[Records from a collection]
= = =

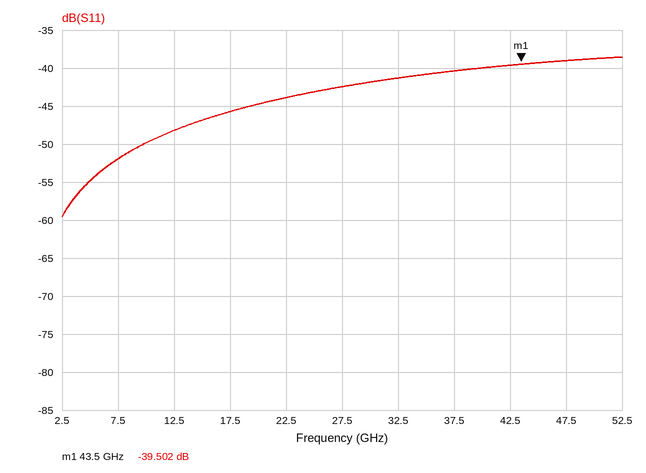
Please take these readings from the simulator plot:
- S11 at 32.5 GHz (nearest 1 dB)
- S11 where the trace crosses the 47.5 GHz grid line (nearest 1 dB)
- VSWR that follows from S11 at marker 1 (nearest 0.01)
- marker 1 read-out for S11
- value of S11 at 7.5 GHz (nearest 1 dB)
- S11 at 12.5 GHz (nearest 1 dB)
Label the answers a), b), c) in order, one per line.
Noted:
a) -41 dB
b) -39 dB
c) 1.02
d) -39.502 dB
e) -52 dB
f) -48 dB
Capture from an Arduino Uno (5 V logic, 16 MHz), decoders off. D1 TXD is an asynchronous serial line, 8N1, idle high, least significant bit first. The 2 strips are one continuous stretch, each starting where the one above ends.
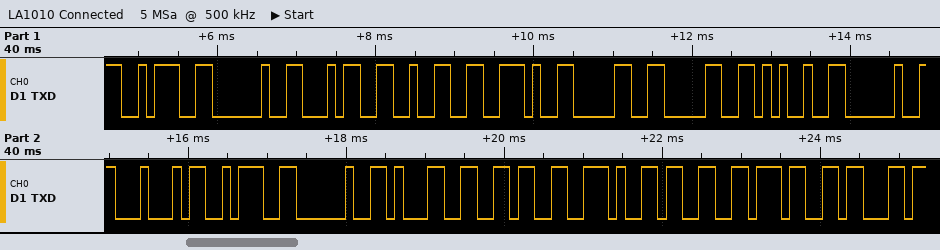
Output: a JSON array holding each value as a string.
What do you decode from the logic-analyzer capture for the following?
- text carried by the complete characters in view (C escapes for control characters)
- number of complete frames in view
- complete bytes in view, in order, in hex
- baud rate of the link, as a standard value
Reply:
["\": 42.00% D: 16.37c\"", "18", "0x3A 0x20 0x34 0x32 0x2E 0x30 0x30 0x25 0x20 0x44 0x3A 0x20 0x31 0x36 0x2E 0x33 0x37 0x63", "9600 baud"]
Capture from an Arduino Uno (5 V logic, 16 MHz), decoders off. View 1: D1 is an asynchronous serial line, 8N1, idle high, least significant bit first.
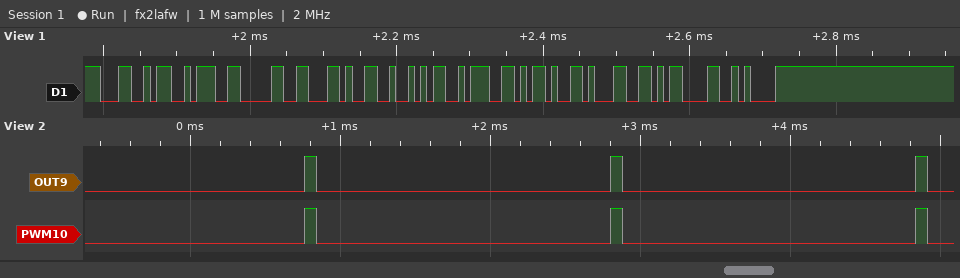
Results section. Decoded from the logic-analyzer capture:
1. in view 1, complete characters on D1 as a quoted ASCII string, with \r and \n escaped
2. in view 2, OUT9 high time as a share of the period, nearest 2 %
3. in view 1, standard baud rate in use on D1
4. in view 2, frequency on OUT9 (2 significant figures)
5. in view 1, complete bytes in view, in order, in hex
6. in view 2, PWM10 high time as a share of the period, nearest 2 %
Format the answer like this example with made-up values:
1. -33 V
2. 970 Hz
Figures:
1. "L:0,R:-1\r\n"
2. 4 %
3. 115200 baud
4. 490 Hz
5. 0x4C 0x3A 0x30 0x2C 0x52 0x3A 0x2D 0x31 0x0D 0x0A
6. 4 %
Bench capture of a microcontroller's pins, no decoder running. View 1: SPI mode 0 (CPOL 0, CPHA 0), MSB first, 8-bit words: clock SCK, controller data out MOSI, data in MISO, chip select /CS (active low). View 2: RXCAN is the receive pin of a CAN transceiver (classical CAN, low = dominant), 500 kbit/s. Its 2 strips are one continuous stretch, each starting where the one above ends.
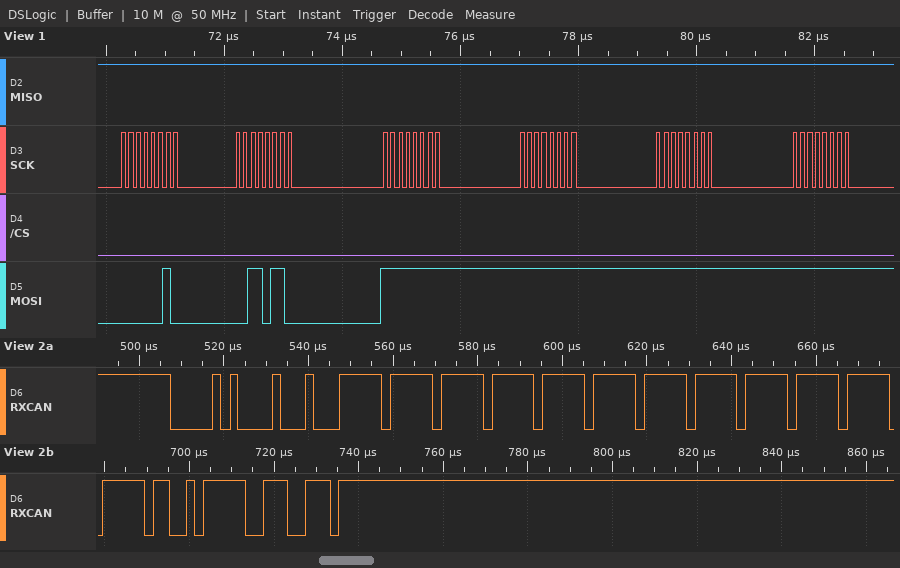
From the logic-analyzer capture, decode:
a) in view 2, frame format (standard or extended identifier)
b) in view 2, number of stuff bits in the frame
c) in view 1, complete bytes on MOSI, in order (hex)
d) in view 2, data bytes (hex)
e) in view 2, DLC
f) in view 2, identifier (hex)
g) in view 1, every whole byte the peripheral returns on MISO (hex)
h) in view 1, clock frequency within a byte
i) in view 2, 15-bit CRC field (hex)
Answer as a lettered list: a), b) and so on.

a) standard
b) 14
c) 0x02 0x36 0xFF 0xFF 0xFF 0xFF
d) FF FF FF FF FF FF FF FC
e) 8
f) 0x021
g) 0xFF 0xFF 0xFF 0xFF 0xFF 0xFF
h) 8 MHz
i) 0x5F73
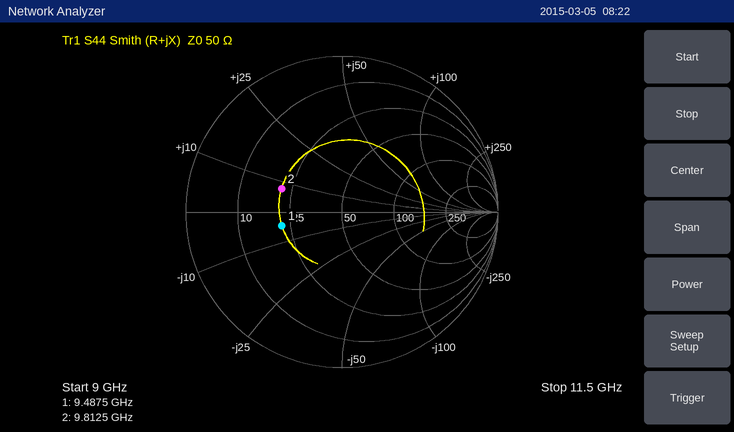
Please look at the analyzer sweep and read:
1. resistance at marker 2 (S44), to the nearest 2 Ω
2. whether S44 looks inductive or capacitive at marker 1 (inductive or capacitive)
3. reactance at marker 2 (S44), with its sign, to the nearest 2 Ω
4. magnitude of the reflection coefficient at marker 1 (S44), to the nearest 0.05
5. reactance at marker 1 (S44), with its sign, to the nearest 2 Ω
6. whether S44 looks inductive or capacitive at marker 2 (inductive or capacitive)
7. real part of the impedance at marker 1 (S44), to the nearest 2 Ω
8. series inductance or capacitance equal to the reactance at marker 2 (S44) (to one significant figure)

22 Ω
capacitive
+8 Ω
0.40
-4 Ω
inductive
22 Ω
100 pH
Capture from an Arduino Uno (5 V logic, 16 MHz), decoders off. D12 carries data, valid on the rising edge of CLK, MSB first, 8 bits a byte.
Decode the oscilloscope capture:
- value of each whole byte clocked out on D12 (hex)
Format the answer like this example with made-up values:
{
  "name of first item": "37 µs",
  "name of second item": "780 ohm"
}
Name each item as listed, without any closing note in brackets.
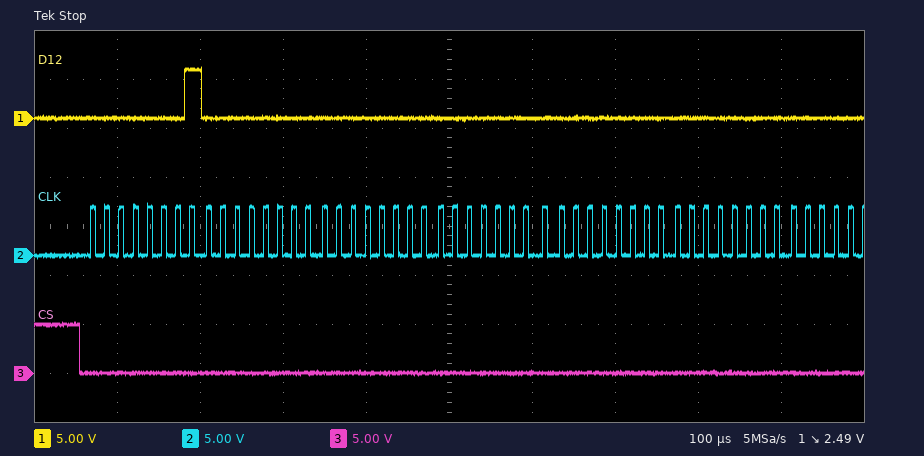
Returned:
{
  "value of each whole byte clocked out on D12": "01 00 00 00 00 00"
}
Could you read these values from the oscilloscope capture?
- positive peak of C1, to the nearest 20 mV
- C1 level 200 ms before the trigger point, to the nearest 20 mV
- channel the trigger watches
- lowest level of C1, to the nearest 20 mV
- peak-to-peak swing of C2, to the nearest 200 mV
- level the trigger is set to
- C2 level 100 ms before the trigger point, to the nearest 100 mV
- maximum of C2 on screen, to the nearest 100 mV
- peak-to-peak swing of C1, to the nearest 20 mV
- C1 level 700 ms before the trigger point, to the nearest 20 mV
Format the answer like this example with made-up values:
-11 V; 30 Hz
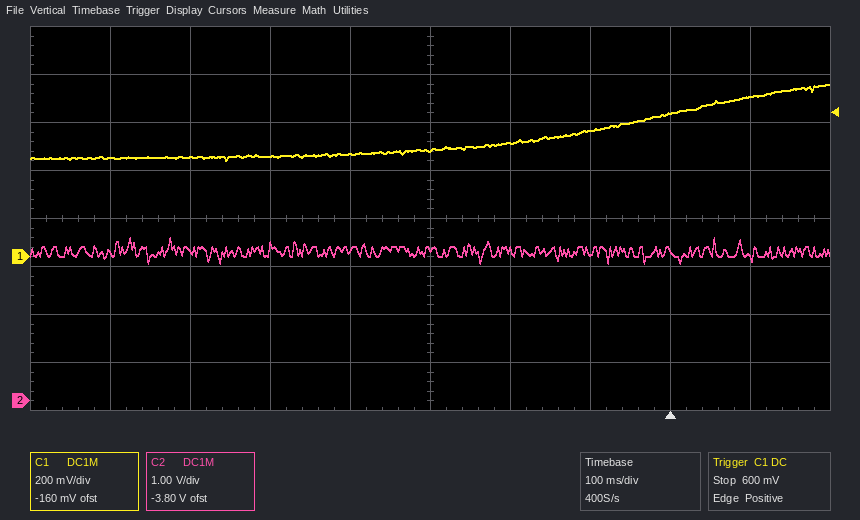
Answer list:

= = =

- _Task details_: Every line in the records is to be retyped exactly as it stands; the pictures stay out.

- _Written response_:
Please take these readings from the simulator plot:
- S11 at 32.5 GHz (nearest 1 dB)
- S11 where the trace crosses the 47.5 GHz grid line (nearest 1 dB)
- VSWR that follows from S11 at marker 1 (nearest 0.01)
- marker 1 read-out for S11
- value of S11 at 7.5 GHz (nearest 1 dB)
- S11 at 12.5 GHz (nearest 1 dB)
Label the answers a), b), c) in order, one per line.
Noted:
a) -41 dB
b) -39 dB
c) 1.02
d) -39.502 dB
e) -52 dB
f) -48 dB
Capture from an Arduino Uno (5 V logic, 16 MHz), decoders off. D1 TXD is an asynchronous serial line, 8N1, idle high, least significant bit first. The 2 strips are one continuous stretch, each starting where the one above ends.
Output: a JSON array holding each value as a string.
What do you decode from the logic-analyzer capture for the following?
- text carried by the complete characters in view (C escapes for control characters)
- number of complete frames in view
- complete bytes in view, in order, in hex
- baud rate of the link, as a standard value
Reply:
["\": 42.00% D: 16.37c\"", "18", "0x3A 0x20 0x34 0x32 0x2E 0x30 0x30 0x25 0x20 0x44 0x3A 0x20 0x31 0x36 0x2E 0x33 0x37 0x63", "9600 baud"]
Capture from an Arduino Uno (5 V logic, 16 MHz), decoders off. View 1: D1 is an asynchronous serial line, 8N1, idle high, least significant bit first.
Results section. Decoded from the logic-analyzer capture:
1. in view 1, complete characters on D1 as a quoted ASCII string, with \r and \n escaped
2. in view 2, OUT9 high time as a share of the period, nearest 2 %
3. in view 1, standard baud rate in use on D1
4. in view 2, frequency on OUT9 (2 significant figures)
5. in view 1, complete bytes in view, in order, in hex
6. in view 2, PWM10 high time as a share of the period, nearest 2 %
Format the answer like this example with made-up values:
1. -33 V
2. 970 Hz
Figures:
1. "L:0,R:-1\r\n"
2. 4 %
3. 115200 baud
4. 490 Hz
5. 0x4C 0x3A 0x30 0x2C 0x52 0x3A 0x2D 0x31 0x0D 0x0A
6. 4 %
Bench capture of a microcontroller's pins, no decoder running. View 1: SPI mode 0 (CPOL 0, CPHA 0), MSB first, 8-bit words: clock SCK, controller data out MOSI, data in MISO, chip select /CS (active low). View 2: RXCAN is the receive pin of a CAN transceiver (classical CAN, low = dominant), 500 kbit/s. Its 2 strips are one continuous stretch, each starting where the one above ends.
From the logic-analyzer capture, decode:
a) in view 2, frame format (standard or extended identifier)
b) in view 2, number of stuff bits in the frame
c) in view 1, complete bytes on MOSI, in order (hex)
d) in view 2, data bytes (hex)
e) in view 2, DLC
f) in view 2, identifier (hex)
g) in view 1, every whole byte the peripheral returns on MISO (hex)
h) in view 1, clock frequency within a byte
i) in view 2, 15-bit CRC field (hex)
Answer as a lettered list: a), b) and so on.

a) standard
b) 14
c) 0x02 0x36 0xFF 0xFF 0xFF 0xFF
d) FF FF FF FF FF FF FF FC
e) 8
f) 0x021
g) 0xFF 0xFF 0xFF 0xFF 0xFF 0xFF
h) 8 MHz
i) 0x5F73
Please look at the analyzer sweep and read:
1. resistance at marker 2 (S44), to the nearest 2 Ω
2. whether S44 looks inductive or capacitive at marker 1 (inductive or capacitive)
3. reactance at marker 2 (S44), with its sign, to the nearest 2 Ω
4. magnitude of the reflection coefficient at marker 1 (S44), to the nearest 0.05
5. reactance at marker 1 (S44), with its sign, to the nearest 2 Ω
6. whether S44 looks inductive or capacitive at marker 2 (inductive or capacitive)
7. real part of the impedance at marker 1 (S44), to the nearest 2 Ω
8. series inductance or capacitance equal to the reactance at marker 2 (S44) (to one significant figure)

22 Ω
capacitive
+8 Ω
0.40
-4 Ω
inductive
22 Ω
100 pH
Capture from an Arduino Uno (5 V logic, 16 MHz), decoders off. D12 carries data, valid on the rising edge of CLK, MSB first, 8 bits a byte.
Decode the oscilloscope capture:
- value of each whole byte clocked out on D12 (hex)
Format the answer like this example with made-up values:
{
  "name of first item": "37 µs",
  "name of second item": "780 ohm"
}
Name each item as listed, without any closing note in brackets.
Returned:
{
  "value of each whole byte clocked out on D12": "01 00 00 00 00 00"
}
Could you read these values from the oscilloscope capture?
- positive peak of C1, to the nearest 20 mV
- C1 level 200 ms before the trigger point, to the nearest 20 mV
- channel the trigger watches
- lowest level of C1, to the nearest 20 mV
- peak-to-peak swing of C2, to the nearest 200 mV
- level the trigger is set to
- C2 level 100 ms before the trigger point, to the nearest 100 mV
- maximum of C2 on screen, to the nearest 100 mV
- peak-to-peak swing of C1, to the nearest 20 mV
- C1 level 700 ms before the trigger point, to the nearest 20 mV
Format the answer like this example with made-up values:
-11 V; 30 Hz
Answer list:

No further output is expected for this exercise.